Growing in volume by the hour, big data is everywhere. Just reflect for a moment on the many forms of data we use regularly as a modern society:
- Satellite aerial imagery
- Global positioning
- Atmospheric weather data
- Surveillance security video
- Silly cat videos on YouTube
as well as content from social media and websites, to name a few. The possibilities and formats are many. Some predict that the quantity of data in the world will increase by 40% every year. Consider the reference from IDC Research that the information published within the last 10 years is equal to all of the information published since the dawn of the printing press and you start to understand the enormous growth in data.
It will come as no surprise that a primary characteristic of big data is the enormous volume of information involved. An ever-changing value, what is considered “big” today at 1000 Exabytes of data may be considered an ordinary volume come tomorrow. Indiscriminately tracking and recording, the data generated is of a scale and scope beyond the ability of today’s software tools to manage, process or interpret.
The Unique Challenges of Unstructured Data
There are two main players in this “beast” that is big data. What is known as “structured” data has been collected by agencies and corporations for years and is typically stored in databases on site as part of a tightly managed and centralized system. Think of the large mass of information routinely gathered by corporations in the form of client profiles or customer purchasing patterns as a good example. In contrast, unstructured data is widely distributed (note the downloadable data on the websites of USGS, USACE, NASA and others), constantly changing in real time, and managed by a radically different (often Hadoop-based) infrastructure. The greatest challenge for the field of engineering, and any industry for that matter, is to develop the capacity to use big data, particularly unstructured data, in a way that advances the engineering process.

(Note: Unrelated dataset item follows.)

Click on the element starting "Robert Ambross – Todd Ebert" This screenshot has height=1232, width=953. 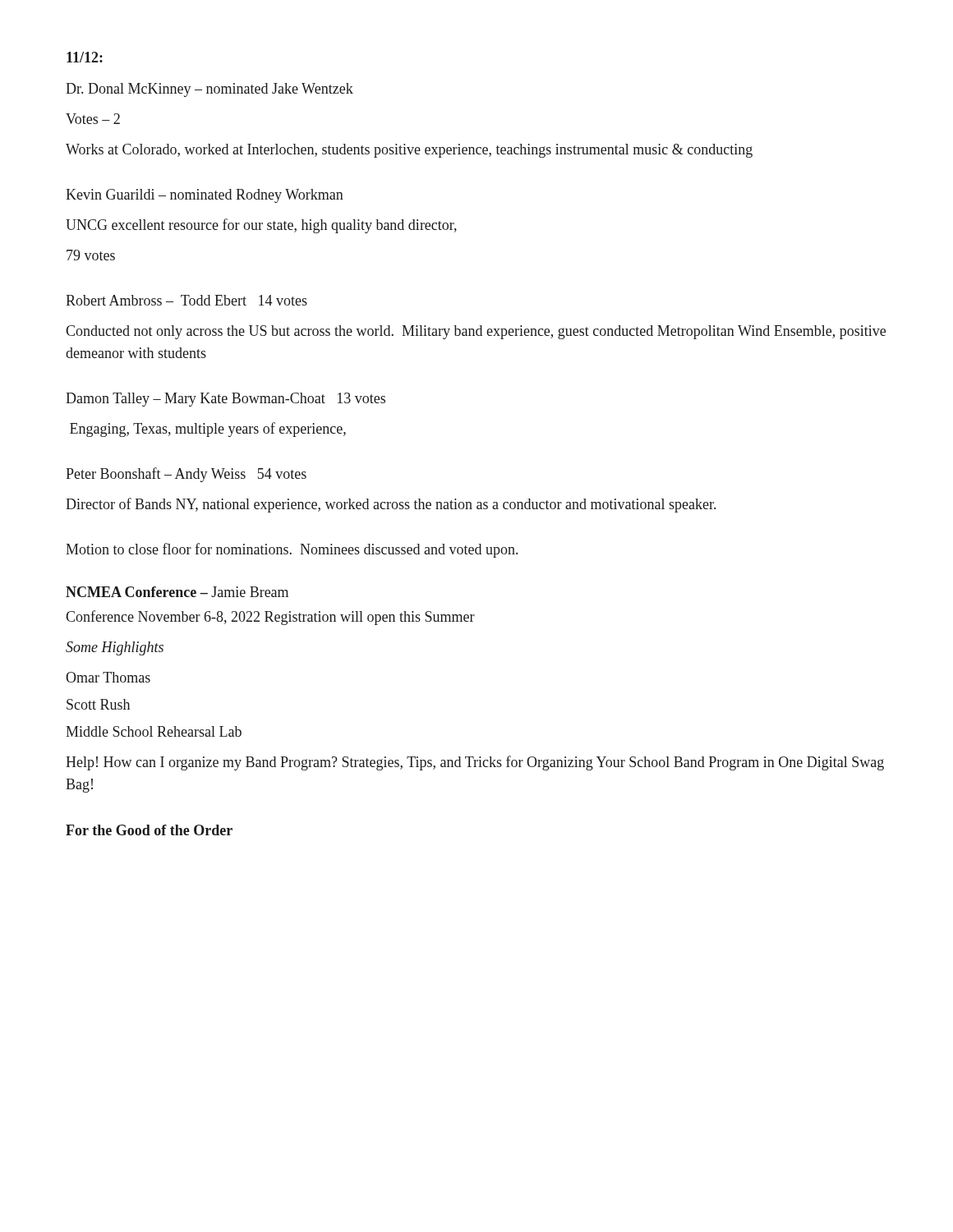[186, 301]

Big Data and New Frontiers in Engineering
In a recent article published in ASFPM’s newsletter (Oct 2015), Emeritus Director Larry Larson points out the need to collect, store and provide engineering practitioners with standardized, usable data. Because of the public safety and health considerations that are involved in floodplain planning, he argues that we have an ethical duty to incorporate, to the greatest extent possible, big data in project planning. Decision-making that draws on all possible sources of information would ultimately result in better mitigation plans, more accurate analyses of structural damage, and better cost benefit forecasts.

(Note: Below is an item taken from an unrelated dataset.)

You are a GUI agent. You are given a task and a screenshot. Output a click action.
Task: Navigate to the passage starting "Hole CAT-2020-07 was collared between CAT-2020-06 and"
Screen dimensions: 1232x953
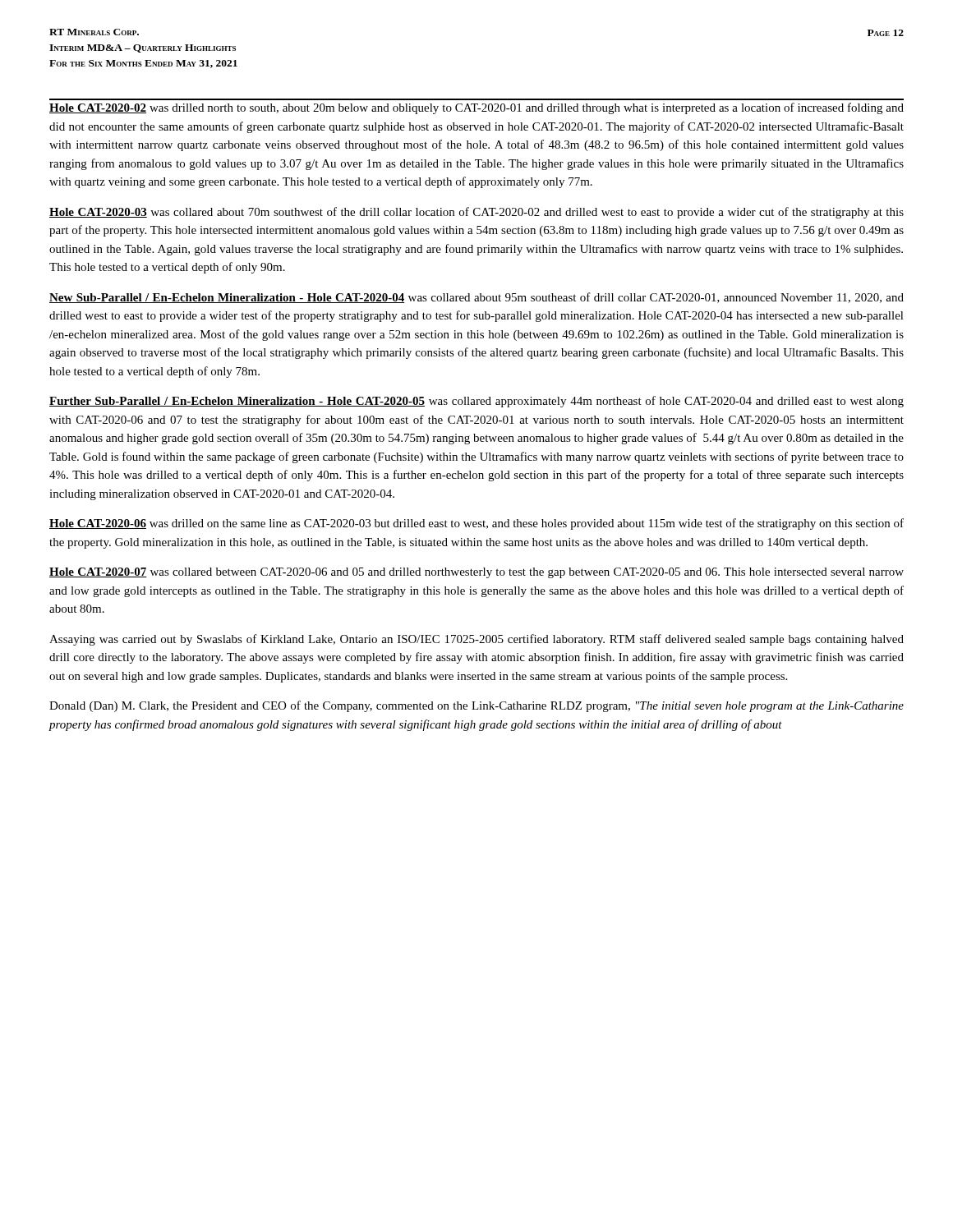(x=476, y=590)

We couldn’t agree more with Larson’s views. A project’s utility and benefit to the community will be enhanced when additional data can be integrated into the analysis. But the truth is that while there are a few global initiatives underway to capture this data in a usable format, most practicing engineers are without a means of integrating big data into a standard engineering design process. Agencies such as USGS and NASA host web portals allowing engineers to manually download data files directly onto their desktops. This still leaves the engineer with the problem of figuring out how to incorporate those files into their engineering software and ultimately their project. This is the scenario most engineers encounter: data files that are very relevant and key to a project, but ultimately inaccessible for all practical purposes.
A Different Approach
At CivilGEO, we have worked to integrate big data into the engineering process while striving to keep our software methodology streamlined and intuitive. Our software is directly tied into the data centers of NASA, USGS, FEMA and others to draw from their vast storehouses of mapping information. This methodology also allows us to stream high-resolution digital elevation data from USGS for the entire North American continent directly into our software. EPA’s watershed delineation areas, FEMA’s flood data, and cloud-based GIS data are accessible to all users of GeoHECRAS. We are constantly tracking new streams of data. For example, as Canada continues to map floodplains and floodways for different provinces, we will add these data streams as they become available. This data is pulled into an engineer’s project in real-time, allowing the most up-to-date information to be utilized. This is truly a breakthrough technology for HEC-RAS modeling, ultimately making the engineer’s project better and more accurate.